Excuse me, at some point in time it is just good intelligence, good
police work to look at what makes up the chances are of the next
terrorist attack. And to ignore it, and to act like you can't talk
about it because you might hurt somebody's feelings--I tried sitting
here tonight to remember as far back as I could, and I don't know how
many years ago it was that the Munich Olympics was, but that was a
radical Muslim terrorist attack. And every attack since that time has
been a radical
[[Page H457]]
Muslim terrorist attack. So why can't we talk about the fact that our
enemy seems to be, good intelligence seems to tell us, is radical
Islamic terrorists?
Now, why in the world can you write a report about a guy who walked
down a peaceable line, some of the people checking in from being at
war, and some of the people checking out to go to war, doing their
everyday duty of getting through that process of processing in,
processing out, and this guy walks down the line shooting soldiers in
uniform, shouting out, ``Allahu Akbar,'' God is great, which is a part
of the declaration of that religion. And I am not attacking that
religion. But you can't talk about it. If you can't talk about it, you
can't figure it out.
And to write a report with this many Americans killed where they
should have been safe, and this many Americans wounded where they
should have been safe, and not mention the profile of the guy that did
the shooting, and to give me the excuse when I asked the question,
well, we are afraid it will mess up their murder case. Well, let me
tell you, I will state this again for the record, if you have got a law
degree and you are supposed to be able to practice law and you can't
prove a murder case where you got 200 eyewitnesses, you need to send
your law degree back to law school and turn in your bar card because
you are an ineffective lawyer. And there are at least 200 people that
witnessed this guy shooting these folks.
So I mean give me a break. They don't have any proof problems to
prove this case. That is not a reason not to talk about who did the
shooting or who is alleged to do it. And I am an old judge, use the
term alleged. It is perfectly good. But they don't even talk about who
is alleged to have done the shooting or what kind of person that was.
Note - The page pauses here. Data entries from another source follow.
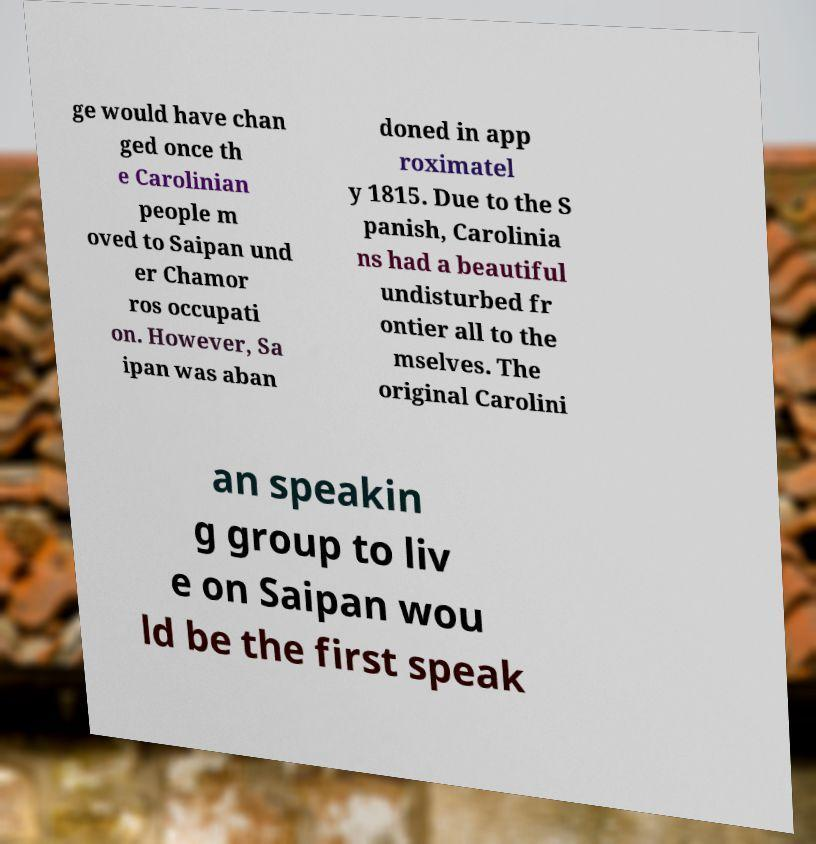There's text embedded in this image that I need extracted. Can you transcribe it verbatim? ge would have chan ged once th e Carolinian people m oved to Saipan und er Chamor ros occupati on. However, Sa ipan was aban doned in app roximatel y 1815. Due to the S panish, Carolinia ns had a beautiful undisturbed fr ontier all to the mselves. The original Carolini an speakin g group to liv e on Saipan wou ld be the first speak 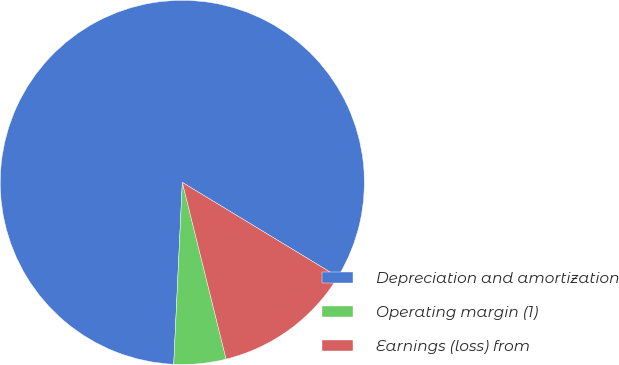<chart> <loc_0><loc_0><loc_500><loc_500><pie_chart><fcel>Depreciation and amortization<fcel>Operating margin (1)<fcel>Earnings (loss) from<nl><fcel>82.93%<fcel>4.62%<fcel>12.45%<nl></chart> 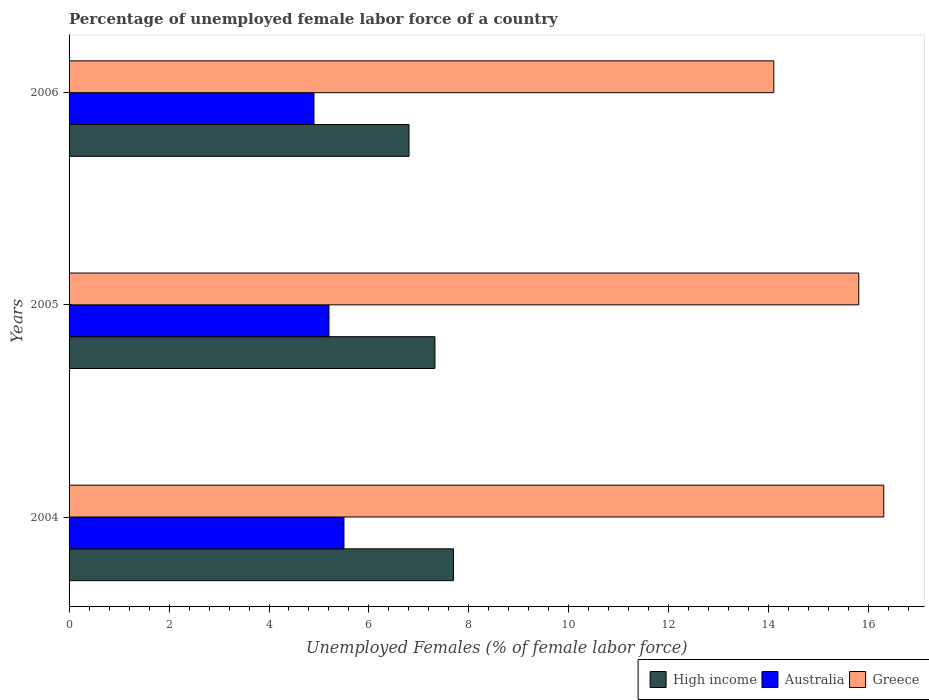How many different coloured bars are there?
Your response must be concise. 3. How many bars are there on the 3rd tick from the top?
Your answer should be very brief. 3. How many bars are there on the 3rd tick from the bottom?
Your response must be concise. 3. In how many cases, is the number of bars for a given year not equal to the number of legend labels?
Provide a short and direct response. 0. What is the percentage of unemployed female labor force in Greece in 2006?
Your answer should be very brief. 14.1. Across all years, what is the maximum percentage of unemployed female labor force in High income?
Your answer should be very brief. 7.69. Across all years, what is the minimum percentage of unemployed female labor force in Australia?
Provide a short and direct response. 4.9. In which year was the percentage of unemployed female labor force in High income minimum?
Ensure brevity in your answer.  2006. What is the total percentage of unemployed female labor force in Greece in the graph?
Offer a terse response. 46.2. What is the difference between the percentage of unemployed female labor force in High income in 2005 and that in 2006?
Ensure brevity in your answer.  0.52. What is the difference between the percentage of unemployed female labor force in Australia in 2004 and the percentage of unemployed female labor force in High income in 2006?
Give a very brief answer. -1.3. What is the average percentage of unemployed female labor force in Australia per year?
Provide a succinct answer. 5.2. In the year 2004, what is the difference between the percentage of unemployed female labor force in Australia and percentage of unemployed female labor force in High income?
Offer a terse response. -2.19. What is the ratio of the percentage of unemployed female labor force in High income in 2004 to that in 2006?
Provide a succinct answer. 1.13. Is the percentage of unemployed female labor force in High income in 2004 less than that in 2006?
Offer a very short reply. No. What is the difference between the highest and the second highest percentage of unemployed female labor force in Australia?
Ensure brevity in your answer.  0.3. What is the difference between the highest and the lowest percentage of unemployed female labor force in High income?
Ensure brevity in your answer.  0.89. Is the sum of the percentage of unemployed female labor force in Greece in 2005 and 2006 greater than the maximum percentage of unemployed female labor force in Australia across all years?
Offer a very short reply. Yes. Is it the case that in every year, the sum of the percentage of unemployed female labor force in High income and percentage of unemployed female labor force in Australia is greater than the percentage of unemployed female labor force in Greece?
Offer a very short reply. No. How many bars are there?
Offer a terse response. 9. How many years are there in the graph?
Offer a very short reply. 3. How many legend labels are there?
Keep it short and to the point. 3. How are the legend labels stacked?
Your answer should be very brief. Horizontal. What is the title of the graph?
Your response must be concise. Percentage of unemployed female labor force of a country. What is the label or title of the X-axis?
Offer a very short reply. Unemployed Females (% of female labor force). What is the Unemployed Females (% of female labor force) of High income in 2004?
Keep it short and to the point. 7.69. What is the Unemployed Females (% of female labor force) in Greece in 2004?
Make the answer very short. 16.3. What is the Unemployed Females (% of female labor force) of High income in 2005?
Make the answer very short. 7.32. What is the Unemployed Females (% of female labor force) of Australia in 2005?
Provide a succinct answer. 5.2. What is the Unemployed Females (% of female labor force) in Greece in 2005?
Provide a succinct answer. 15.8. What is the Unemployed Females (% of female labor force) of High income in 2006?
Offer a very short reply. 6.8. What is the Unemployed Females (% of female labor force) of Australia in 2006?
Offer a very short reply. 4.9. What is the Unemployed Females (% of female labor force) in Greece in 2006?
Your answer should be very brief. 14.1. Across all years, what is the maximum Unemployed Females (% of female labor force) of High income?
Provide a succinct answer. 7.69. Across all years, what is the maximum Unemployed Females (% of female labor force) in Greece?
Ensure brevity in your answer.  16.3. Across all years, what is the minimum Unemployed Females (% of female labor force) of High income?
Offer a very short reply. 6.8. Across all years, what is the minimum Unemployed Females (% of female labor force) of Australia?
Offer a terse response. 4.9. Across all years, what is the minimum Unemployed Females (% of female labor force) in Greece?
Give a very brief answer. 14.1. What is the total Unemployed Females (% of female labor force) of High income in the graph?
Keep it short and to the point. 21.81. What is the total Unemployed Females (% of female labor force) in Greece in the graph?
Keep it short and to the point. 46.2. What is the difference between the Unemployed Females (% of female labor force) in High income in 2004 and that in 2005?
Offer a terse response. 0.37. What is the difference between the Unemployed Females (% of female labor force) in High income in 2004 and that in 2006?
Your response must be concise. 0.89. What is the difference between the Unemployed Females (% of female labor force) in Australia in 2004 and that in 2006?
Keep it short and to the point. 0.6. What is the difference between the Unemployed Females (% of female labor force) of Greece in 2004 and that in 2006?
Offer a very short reply. 2.2. What is the difference between the Unemployed Females (% of female labor force) of High income in 2005 and that in 2006?
Provide a short and direct response. 0.52. What is the difference between the Unemployed Females (% of female labor force) in Australia in 2005 and that in 2006?
Your answer should be very brief. 0.3. What is the difference between the Unemployed Females (% of female labor force) of High income in 2004 and the Unemployed Females (% of female labor force) of Australia in 2005?
Keep it short and to the point. 2.49. What is the difference between the Unemployed Females (% of female labor force) in High income in 2004 and the Unemployed Females (% of female labor force) in Greece in 2005?
Your answer should be very brief. -8.11. What is the difference between the Unemployed Females (% of female labor force) in High income in 2004 and the Unemployed Females (% of female labor force) in Australia in 2006?
Your answer should be very brief. 2.79. What is the difference between the Unemployed Females (% of female labor force) in High income in 2004 and the Unemployed Females (% of female labor force) in Greece in 2006?
Make the answer very short. -6.41. What is the difference between the Unemployed Females (% of female labor force) of Australia in 2004 and the Unemployed Females (% of female labor force) of Greece in 2006?
Provide a succinct answer. -8.6. What is the difference between the Unemployed Females (% of female labor force) in High income in 2005 and the Unemployed Females (% of female labor force) in Australia in 2006?
Make the answer very short. 2.42. What is the difference between the Unemployed Females (% of female labor force) of High income in 2005 and the Unemployed Females (% of female labor force) of Greece in 2006?
Keep it short and to the point. -6.78. What is the difference between the Unemployed Females (% of female labor force) of Australia in 2005 and the Unemployed Females (% of female labor force) of Greece in 2006?
Give a very brief answer. -8.9. What is the average Unemployed Females (% of female labor force) of High income per year?
Give a very brief answer. 7.27. What is the average Unemployed Females (% of female labor force) of Greece per year?
Offer a very short reply. 15.4. In the year 2004, what is the difference between the Unemployed Females (% of female labor force) of High income and Unemployed Females (% of female labor force) of Australia?
Give a very brief answer. 2.19. In the year 2004, what is the difference between the Unemployed Females (% of female labor force) of High income and Unemployed Females (% of female labor force) of Greece?
Give a very brief answer. -8.61. In the year 2004, what is the difference between the Unemployed Females (% of female labor force) in Australia and Unemployed Females (% of female labor force) in Greece?
Your response must be concise. -10.8. In the year 2005, what is the difference between the Unemployed Females (% of female labor force) of High income and Unemployed Females (% of female labor force) of Australia?
Your response must be concise. 2.12. In the year 2005, what is the difference between the Unemployed Females (% of female labor force) of High income and Unemployed Females (% of female labor force) of Greece?
Make the answer very short. -8.48. In the year 2006, what is the difference between the Unemployed Females (% of female labor force) in High income and Unemployed Females (% of female labor force) in Australia?
Your response must be concise. 1.9. In the year 2006, what is the difference between the Unemployed Females (% of female labor force) in High income and Unemployed Females (% of female labor force) in Greece?
Your answer should be compact. -7.3. In the year 2006, what is the difference between the Unemployed Females (% of female labor force) in Australia and Unemployed Females (% of female labor force) in Greece?
Keep it short and to the point. -9.2. What is the ratio of the Unemployed Females (% of female labor force) in High income in 2004 to that in 2005?
Make the answer very short. 1.05. What is the ratio of the Unemployed Females (% of female labor force) of Australia in 2004 to that in 2005?
Provide a succinct answer. 1.06. What is the ratio of the Unemployed Females (% of female labor force) of Greece in 2004 to that in 2005?
Offer a very short reply. 1.03. What is the ratio of the Unemployed Females (% of female labor force) in High income in 2004 to that in 2006?
Provide a succinct answer. 1.13. What is the ratio of the Unemployed Females (% of female labor force) of Australia in 2004 to that in 2006?
Provide a short and direct response. 1.12. What is the ratio of the Unemployed Females (% of female labor force) in Greece in 2004 to that in 2006?
Provide a succinct answer. 1.16. What is the ratio of the Unemployed Females (% of female labor force) in High income in 2005 to that in 2006?
Keep it short and to the point. 1.08. What is the ratio of the Unemployed Females (% of female labor force) in Australia in 2005 to that in 2006?
Ensure brevity in your answer.  1.06. What is the ratio of the Unemployed Females (% of female labor force) of Greece in 2005 to that in 2006?
Keep it short and to the point. 1.12. What is the difference between the highest and the second highest Unemployed Females (% of female labor force) in High income?
Make the answer very short. 0.37. What is the difference between the highest and the second highest Unemployed Females (% of female labor force) of Greece?
Make the answer very short. 0.5. What is the difference between the highest and the lowest Unemployed Females (% of female labor force) of High income?
Provide a short and direct response. 0.89. What is the difference between the highest and the lowest Unemployed Females (% of female labor force) of Greece?
Your answer should be very brief. 2.2. 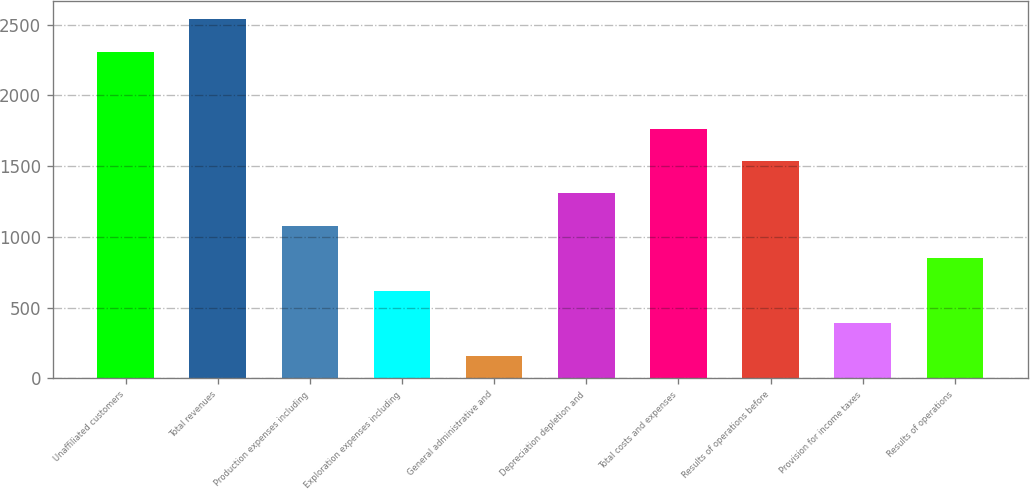Convert chart to OTSL. <chart><loc_0><loc_0><loc_500><loc_500><bar_chart><fcel>Unaffiliated customers<fcel>Total revenues<fcel>Production expenses including<fcel>Exploration expenses including<fcel>General administrative and<fcel>Depreciation depletion and<fcel>Total costs and expenses<fcel>Results of operations before<fcel>Provision for income taxes<fcel>Results of operations<nl><fcel>2310<fcel>2539.2<fcel>1077.8<fcel>619.4<fcel>161<fcel>1307<fcel>1765.4<fcel>1536.2<fcel>390.2<fcel>848.6<nl></chart>

What do we know about him now? I will have to give our news
organizations a lot of credit. We know that he acted erratically for
months before the attack. That he promoted radical Islamic views while
at Walter Reed Hospital. That he exchanged emails with Anwar al-Awlaki,
a Yemen cleric which we are reading about every day in the newspaper
who is one of the now major promoters of terrorism. No action was taken
against him when he would have debates with other members of the
military, and his position was what our soldiers were doing in Iraq and
Afghanistan was worse than what terrorist attacks do or the 9/11
attack. That the 9/11 attack doesn't equal America's war fighting
efforts. And nobody reported him? In fact, they promoted him to get him
out of their hair, to move him to another duty station so they didn't
have to put up with him.
And it was all about Islamic terrorism, and yet our government writes
a report and just fails to mention it. And what is really amazing,
really amazing to me, I mean there are a lot of people pointing a
finger at me and saying that guy is a right wing wacko. That is why he
is standing up there. I won't shy away from the right wing part of it.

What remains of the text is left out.